Democrats and Republicans agree: working class people must pay for the crisis that Wall Street created. In a recent opinion piece written by Gov. Arnold Schwarzenegger, he outlined a plan to slash public employee pensions. Schwarzenegger wants employees to pay more of their hard earned income to fund their own retirement. Plus, he wants to end the increased payouts that workers earn when they work overtime or don’t use all their vacation time in their last year of employment.
Carlos Alvarez, Peace and Freedom candidate for governor, strongly opposes Schwarzenegger’s plan. Alvarez believes that all public employees should receive their full pensions, no questions asked. “People have worked hard for decades to be able to retire without fear,” said Alvarez.
He continued, “This is another attempt to undermine public sector unions and attack working families. Hard fought public sector benefits gained from struggle and union representation cannot be scapegoated for California ’s financial ills. The answer is not to take away rights from working people, but to extend union rights to all and ensure a stable and secure retirement for every worker in the state.”
Alvarez views pension benefits as a fundamental right. He calls for not only ensuring the full payment of all pensions, but guaranteeing pensions for all workers and increasing the scope and value of the pension benefits. He would keep the retirement age at 55 as it is today.

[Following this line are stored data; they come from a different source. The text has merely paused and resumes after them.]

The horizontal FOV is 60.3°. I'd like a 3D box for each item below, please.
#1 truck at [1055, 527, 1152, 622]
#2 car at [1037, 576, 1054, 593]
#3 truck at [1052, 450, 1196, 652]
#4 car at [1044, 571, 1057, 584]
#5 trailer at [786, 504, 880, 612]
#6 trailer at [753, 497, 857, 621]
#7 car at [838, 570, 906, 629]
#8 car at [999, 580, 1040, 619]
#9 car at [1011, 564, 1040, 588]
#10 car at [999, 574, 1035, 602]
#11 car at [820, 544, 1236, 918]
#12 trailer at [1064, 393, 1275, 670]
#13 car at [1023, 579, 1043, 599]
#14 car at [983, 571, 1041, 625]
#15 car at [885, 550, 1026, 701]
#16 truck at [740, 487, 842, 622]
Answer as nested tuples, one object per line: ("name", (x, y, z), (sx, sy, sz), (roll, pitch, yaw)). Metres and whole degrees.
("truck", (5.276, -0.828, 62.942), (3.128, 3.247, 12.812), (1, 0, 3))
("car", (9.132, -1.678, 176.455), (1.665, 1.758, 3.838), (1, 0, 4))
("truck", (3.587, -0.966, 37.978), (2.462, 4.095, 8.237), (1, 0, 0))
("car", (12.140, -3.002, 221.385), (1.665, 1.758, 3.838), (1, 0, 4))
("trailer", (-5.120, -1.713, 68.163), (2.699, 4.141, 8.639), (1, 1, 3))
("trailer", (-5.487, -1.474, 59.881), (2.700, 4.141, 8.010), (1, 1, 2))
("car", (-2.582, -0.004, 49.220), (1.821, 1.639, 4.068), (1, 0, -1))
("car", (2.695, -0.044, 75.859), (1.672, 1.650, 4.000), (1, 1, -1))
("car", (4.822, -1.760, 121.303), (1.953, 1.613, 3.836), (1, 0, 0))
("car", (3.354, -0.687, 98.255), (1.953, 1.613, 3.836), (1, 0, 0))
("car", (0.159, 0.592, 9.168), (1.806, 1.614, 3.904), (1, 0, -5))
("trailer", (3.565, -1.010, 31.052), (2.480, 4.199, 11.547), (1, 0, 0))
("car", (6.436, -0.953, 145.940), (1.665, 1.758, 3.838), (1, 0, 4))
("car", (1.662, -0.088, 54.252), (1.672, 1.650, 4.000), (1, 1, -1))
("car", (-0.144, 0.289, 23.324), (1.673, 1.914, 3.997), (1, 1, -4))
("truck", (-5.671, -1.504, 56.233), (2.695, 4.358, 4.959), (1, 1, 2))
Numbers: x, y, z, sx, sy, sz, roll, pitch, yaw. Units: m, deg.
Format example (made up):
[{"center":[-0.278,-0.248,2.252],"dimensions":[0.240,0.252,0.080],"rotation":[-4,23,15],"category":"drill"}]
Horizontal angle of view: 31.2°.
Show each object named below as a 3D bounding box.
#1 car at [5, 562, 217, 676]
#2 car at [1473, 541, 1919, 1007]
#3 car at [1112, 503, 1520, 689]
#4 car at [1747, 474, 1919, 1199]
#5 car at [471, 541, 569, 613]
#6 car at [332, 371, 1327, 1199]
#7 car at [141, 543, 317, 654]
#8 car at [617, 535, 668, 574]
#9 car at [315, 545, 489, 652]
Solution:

The two big-business candidates, Meg Whitman and Jerry Brown, however, both fall on the other side. Both fundamentally agree with Schwarzenegger when it comes to when and how workers should be able to retire.
Republican gubernatorial nominee Meg Whitman would force all public employees into 401(k) plans, even though the average 401(k) plan has decreased 20 percent in value since 2007. Such private stock plans benefit employers, not workers. In them, money earned from working is invested in stock and money market investments and is not guaranteed. It is much cheaper for employers to have employees gamble their pensions in the stock market then to provide workers with a comfortable retirement.

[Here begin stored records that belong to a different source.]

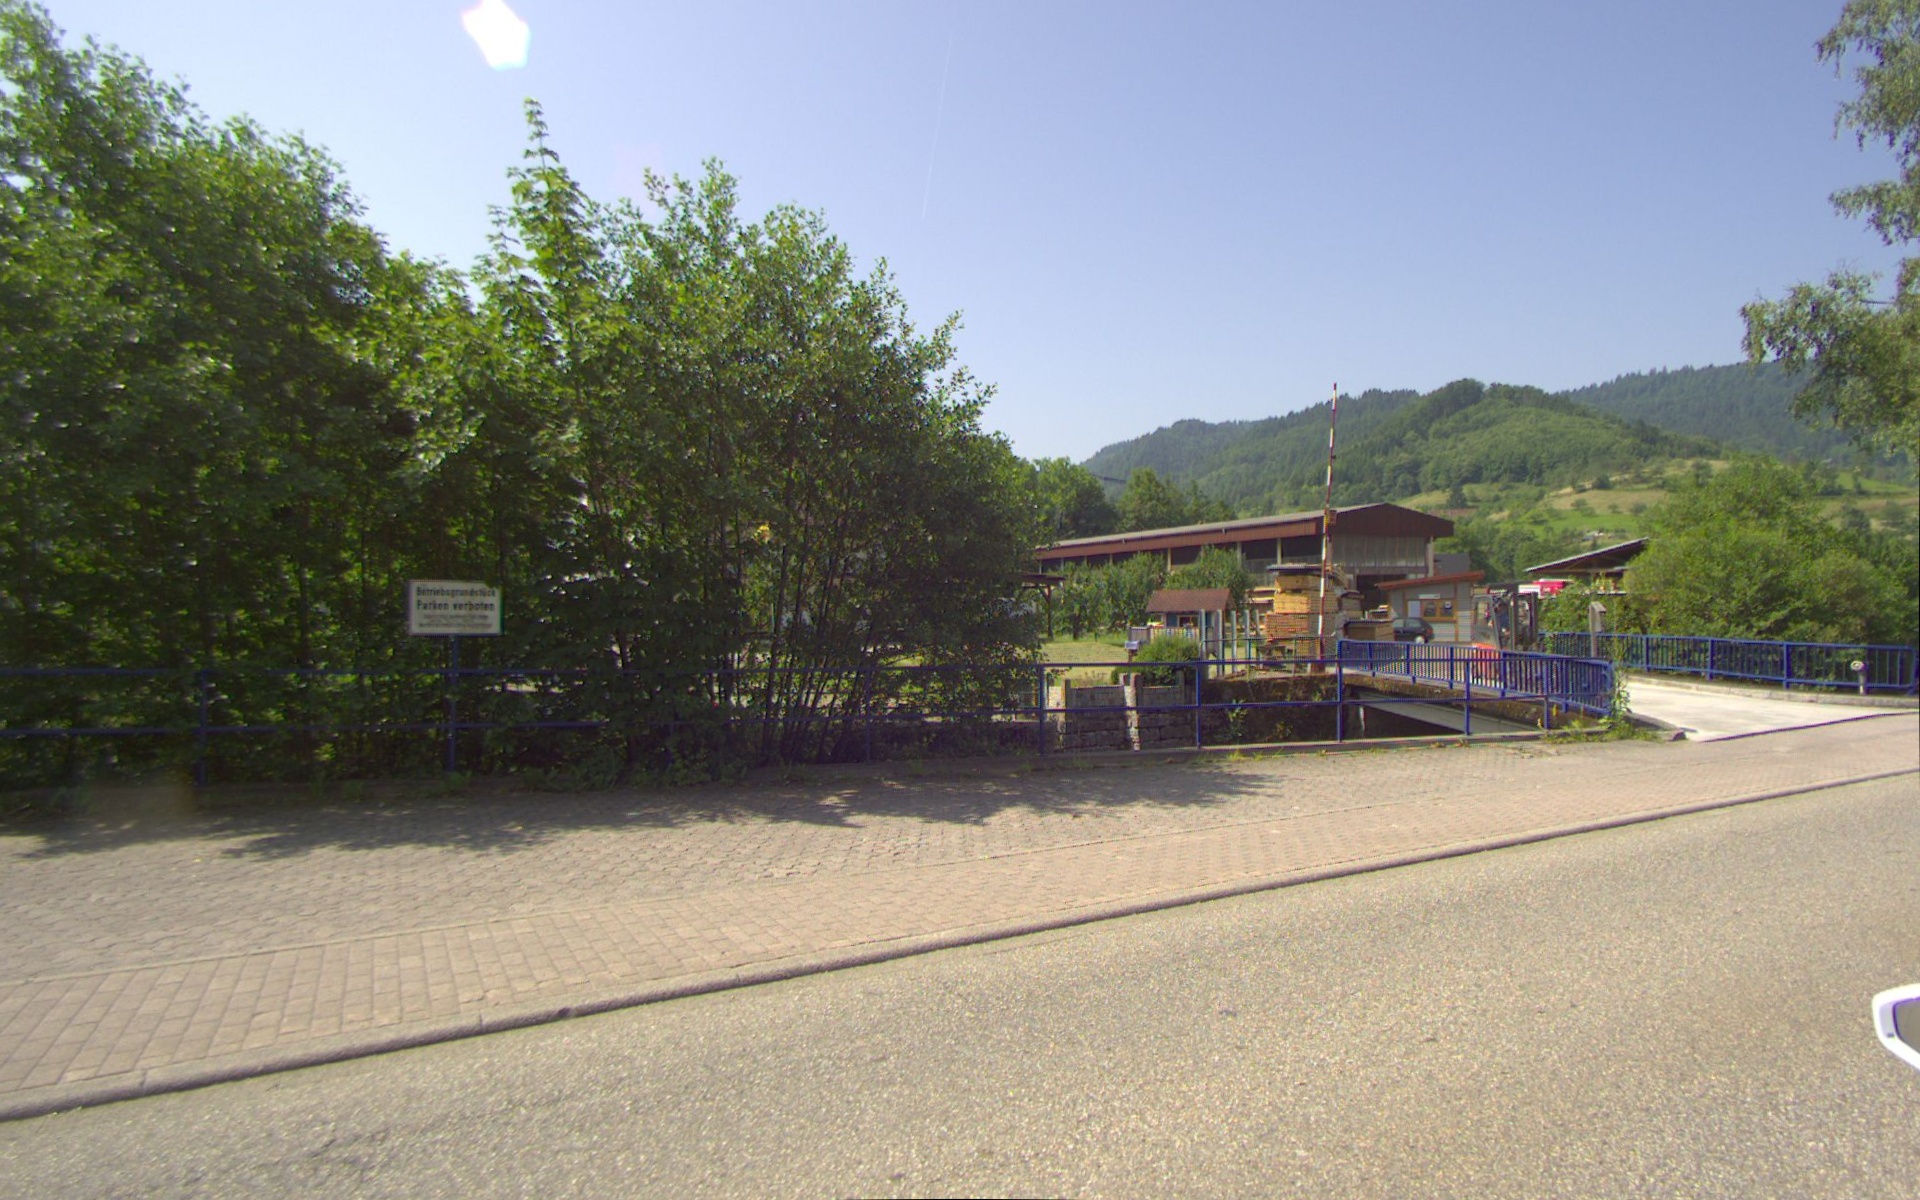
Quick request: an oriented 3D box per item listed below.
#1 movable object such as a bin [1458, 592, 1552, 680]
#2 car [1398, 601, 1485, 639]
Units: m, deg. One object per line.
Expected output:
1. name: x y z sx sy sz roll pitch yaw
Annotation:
1. movable object such as a bin: 13.517 0.883 24.997 1.114 2.099 2.126 0 -1 -2
2. car: 26.779 1.129 55.947 3.919 2.040 2.002 -1 -2 9

Under Whitman’s plan, workers are susceptible to having their retirements stolen from them by corporate criminals, much like what happened during the Enron meltdown in 2001. Whitman also wants to raise the retirement age to all state workers to 65 from the current retirement age of 55.

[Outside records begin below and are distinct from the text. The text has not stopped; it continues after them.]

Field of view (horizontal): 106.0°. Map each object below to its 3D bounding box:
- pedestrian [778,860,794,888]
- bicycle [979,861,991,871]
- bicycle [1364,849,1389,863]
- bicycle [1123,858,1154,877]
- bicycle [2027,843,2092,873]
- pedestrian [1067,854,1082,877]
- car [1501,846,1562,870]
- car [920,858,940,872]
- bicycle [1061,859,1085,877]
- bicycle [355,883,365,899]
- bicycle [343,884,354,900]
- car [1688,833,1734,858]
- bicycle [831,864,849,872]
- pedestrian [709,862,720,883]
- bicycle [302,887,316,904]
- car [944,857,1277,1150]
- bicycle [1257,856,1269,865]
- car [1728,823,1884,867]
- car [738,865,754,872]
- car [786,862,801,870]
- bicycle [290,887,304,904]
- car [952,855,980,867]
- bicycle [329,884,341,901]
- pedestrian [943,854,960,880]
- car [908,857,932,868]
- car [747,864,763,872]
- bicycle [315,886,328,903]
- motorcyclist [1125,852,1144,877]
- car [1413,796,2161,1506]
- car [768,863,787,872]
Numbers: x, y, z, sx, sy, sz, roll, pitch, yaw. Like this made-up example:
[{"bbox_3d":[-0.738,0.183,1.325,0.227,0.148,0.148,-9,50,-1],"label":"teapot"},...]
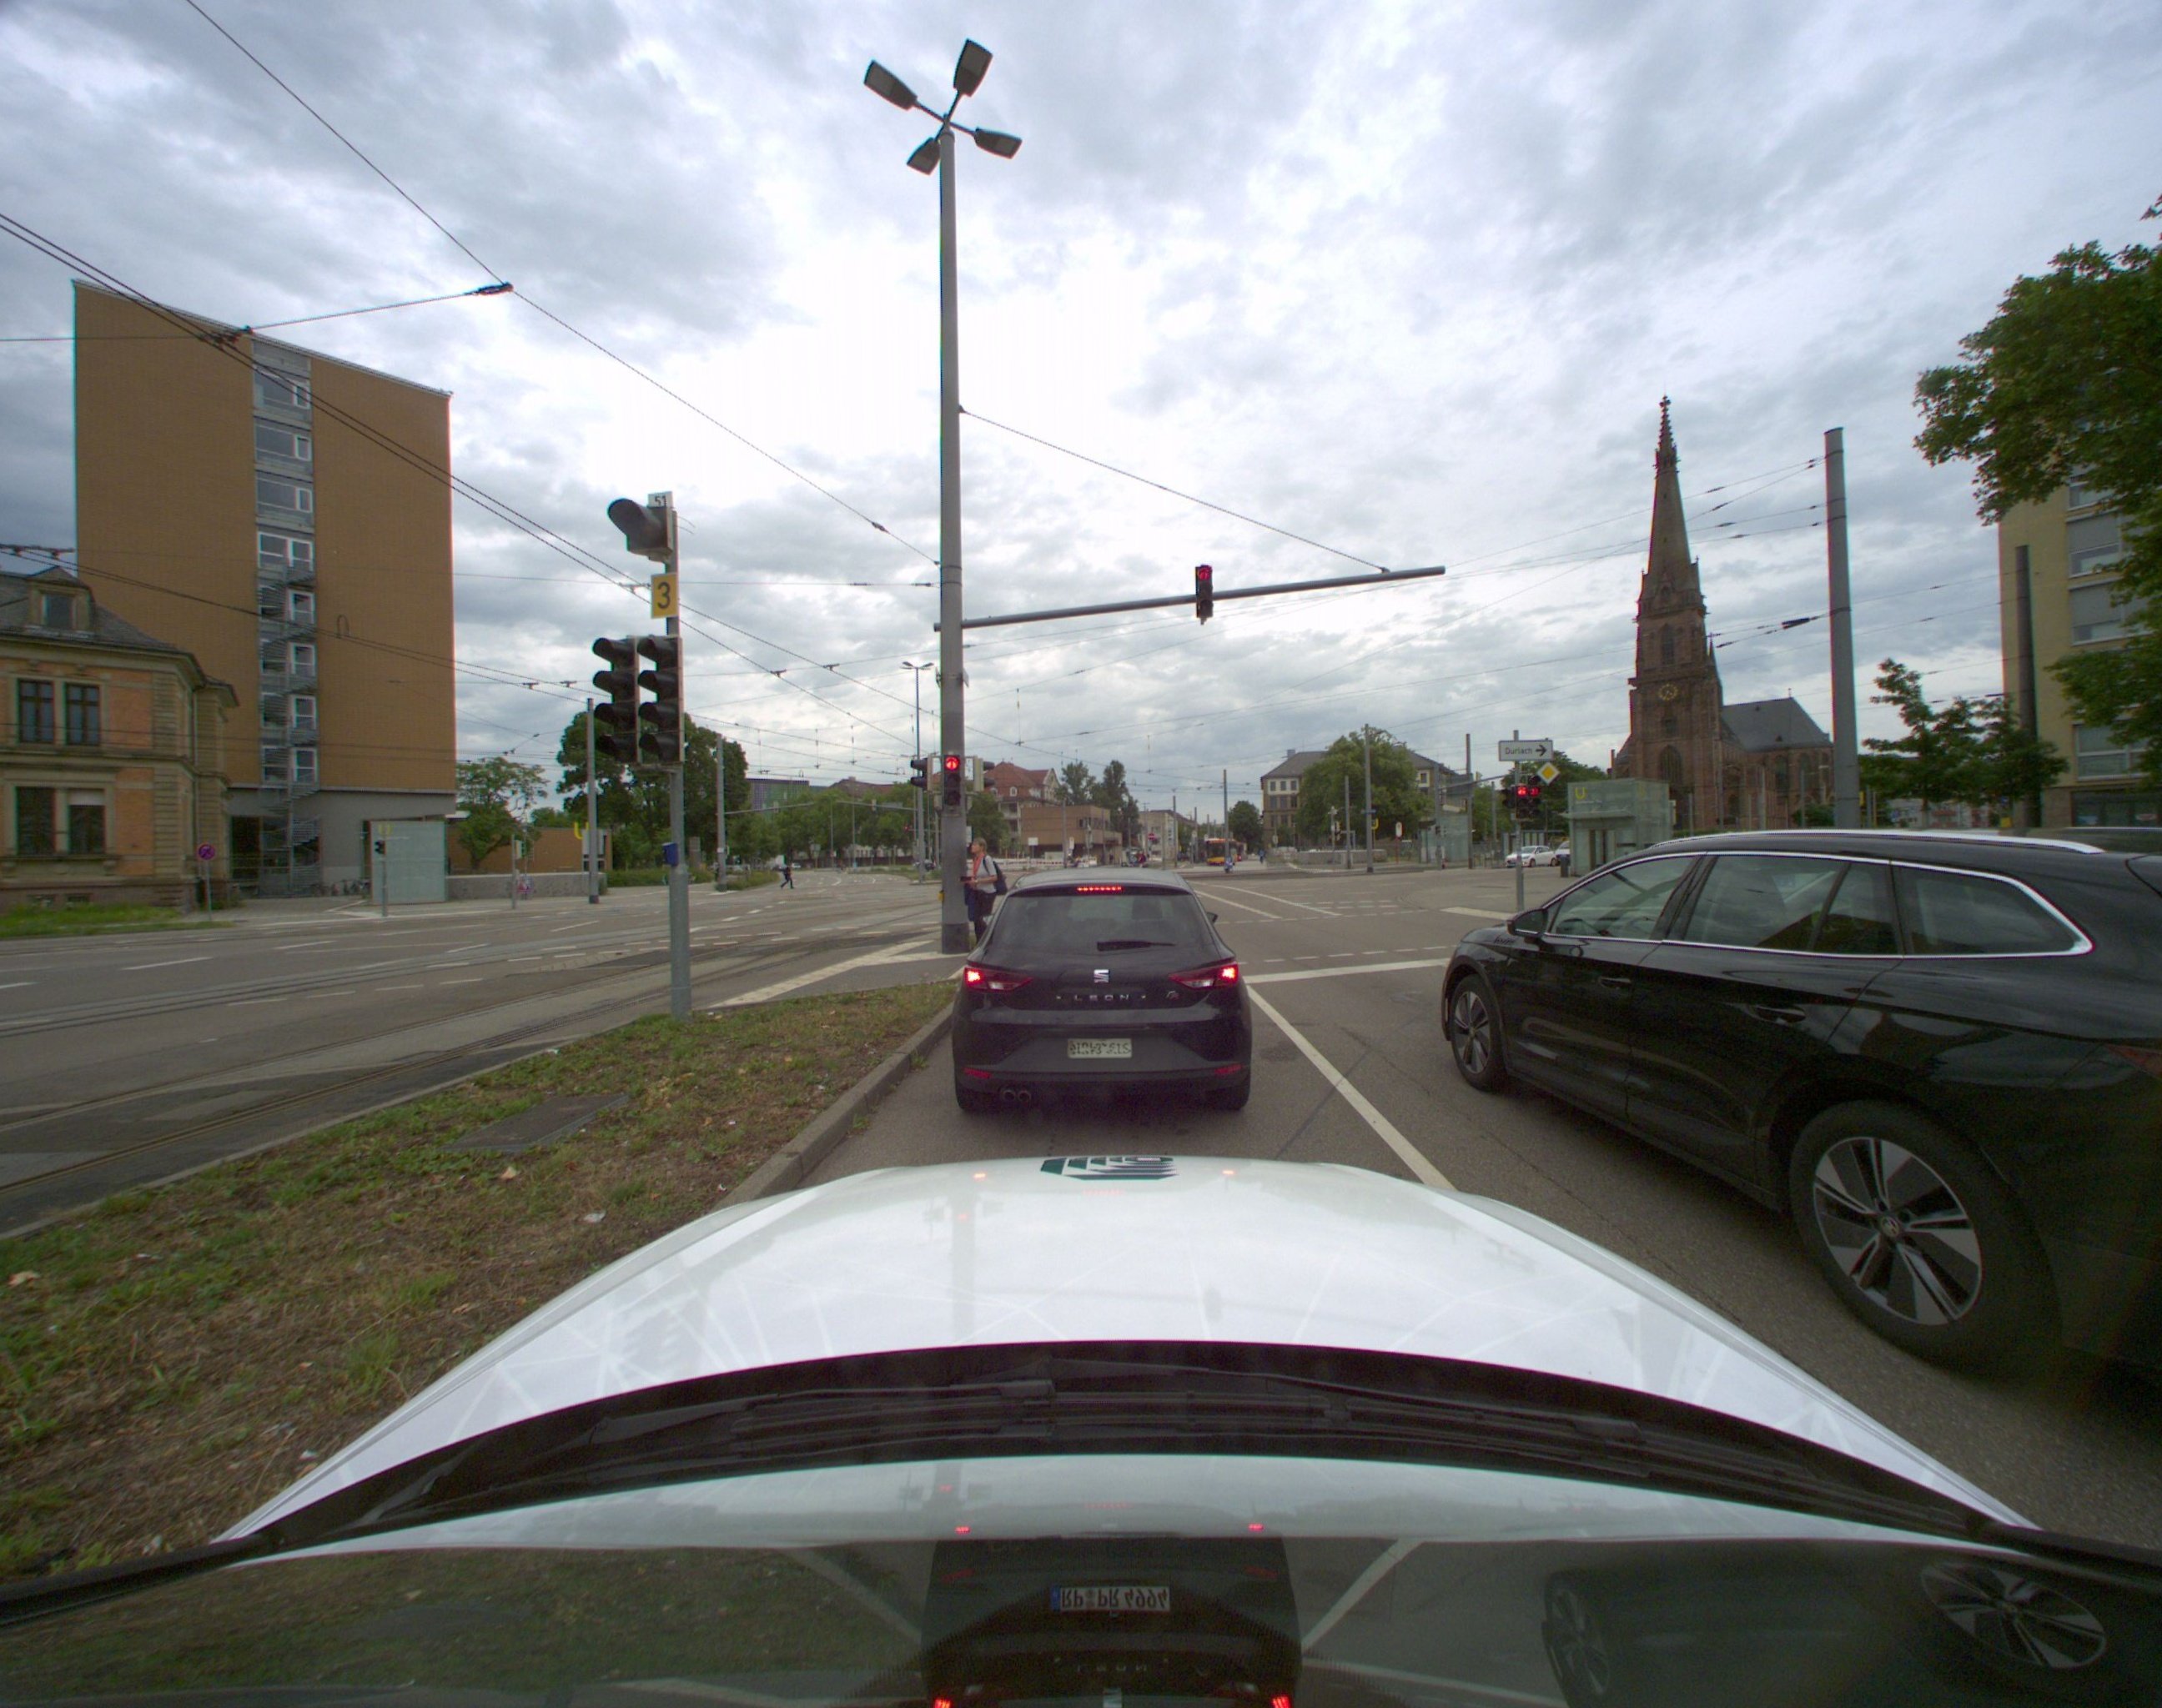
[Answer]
[{"bbox_3d":[-21.312,1.426,58.811,1.023,2.013,0.841,-1,0,-18],"label":"pedestrian"},{"bbox_3d":[-11.578,1.466,97.829,0.895,1.178,2.287,-1,0,-20],"label":"bicycle"},{"bbox_3d":[29.659,0.174,81.731,2.248,1.331,0.709,-2,-2,9],"label":"bicycle"},{"bbox_3d":[3.680,0.867,52.099,2.044,1.184,0.768,-1,0,-44],"label":"bicycle"},{"bbox_3d":[31.512,0.134,26.236,0.596,0.917,1.253,-1,0,-28],"label":"bicycle"},{"bbox_3d":[-0.543,0.961,68.072,0.692,1.934,1.037,-2,0,40],"label":"pedestrian"},{"bbox_3d":[30.358,0.263,54.846,4.011,1.464,1.758,-1,-2,-30],"label":"car"},{"bbox_3d":[-19.568,1.376,105.425,2.000,1.684,3.973,-1,-1,-20],"label":"car"},{"bbox_3d":[-0.592,1.043,61.883,1.739,1.321,0.640,-1,0,-26],"label":"bicycle"},{"bbox_3d":[-50.236,2.596,56.723,0.484,1.049,1.411,-1,0,-41],"label":"bicycle"},{"bbox_3d":[-50.649,2.626,56.284,0.512,1.049,1.411,-1,0,-41],"label":"bicycle"},{"bbox_3d":[53.572,-0.737,69.198,4.017,2.013,1.978,-1,0,-36],"label":"car"},{"bbox_3d":[-37.096,2.190,125.383,0.930,1.179,2.747,-2,0,30],"label":"bicycle"},{"bbox_3d":[-35.664,1.811,79.230,0.799,1.981,0.872,-1,-2,-33],"label":"pedestrian"},{"bbox_3d":[-52.084,2.775,54.958,0.575,1.106,1.411,-1,0,-41],"label":"bicycle"},{"bbox_3d":[0.096,0.772,6.111,1.700,1.449,3.809,-1,0,-2],"label":"car"},{"bbox_3d":[21.892,0.748,97.924,0.863,1.104,2.299,-1,0,-3],"label":"bicycle"},{"bbox_3d":[37.662,-0.401,42.523,5.672,2.014,2.038,-2,-2,19],"label":"car"},{"bbox_3d":[-73.822,3.091,179.401,3.949,1.464,1.792,-1,0,43],"label":"car"},{"bbox_3d":[-58.688,2.403,166.210,1.791,1.464,3.954,-1,0,-39],"label":"car"},{"bbox_3d":[-52.534,2.788,54.553,0.575,1.106,1.411,-1,0,-41],"label":"bicycle"},{"bbox_3d":[-17.443,1.063,123.662,3.970,1.684,2.001,-2,-1,3],"label":"car"},{"bbox_3d":[-51.153,2.636,55.840,0.575,1.106,1.411,-1,0,-41],"label":"bicycle"},{"bbox_3d":[-9.910,1.013,62.290,1.032,1.934,0.695,-2,0,-24],"label":"pedestrian"},{"bbox_3d":[-28.105,1.503,142.157,3.999,1.772,1.705,-1,0,-19],"label":"car"},{"bbox_3d":[-68.756,2.939,171.593,1.792,1.464,3.951,-1,0,-44],"label":"car"},{"bbox_3d":[-51.637,2.776,55.363,0.575,1.106,1.411,-1,0,-41],"label":"bicycle"},{"bbox_3d":[3.646,0.714,55.616,0.984,1.649,0.742,-1,-1,-31],"label":"motorcyclist"},{"bbox_3d":[3.329,0.651,3.774,1.771,1.597,4.510,-1,0,1],"label":"car"},{"bbox_3d":[-53.945,2.398,144.734,1.792,1.464,3.950,-1,0,-45],"label":"car"}]

Posing as the candidate for the working class, Democratic nominee Jerry Brown wants to raise the retirement age for public employees to 60, not 65 as Whitman proposes, as a bone to throw to organized labor. But Brown agrees with Schwarzenegger’s plan. Brown wants to slash public pensions for workers’ last year of employment. He agrees with Schwarzenegger that public employees should pay more of their income into their own retirements.
When the trillions spent on unjustified wars abroad and bailing out banks are taken into consideration, there is no reason why the retirement age for any worker should be raised at all. Knowing that some private sector workers may wonder why public sector workers have benefits they don’t have, the big business politicians are attempting to divide workers’ allegiances and force them to take more concessions. The Alvarez campaign stands against all attacks on working people.
What Schwarzenegger, Whitman, and Brown really represent are the interests of the capitalist class—the class that pours tens of millions into their campaigns. Their system, capitalism, prioritizes profit over people. The attempts by Schwarzenegger and others to raid public pensions are inevitable under the capitalist system, where corporate profits must increase and public services are under constant attack. While CEOs prosper and sit on their so-called “earnings,” millions of Californians toil without jobs.
There is only one answer: fight back! The Carlos Alvarez campaign demands that people’s needs must come first. Alvarez is a socialist. He is fighting in the interests of the working class and against the big business politicians.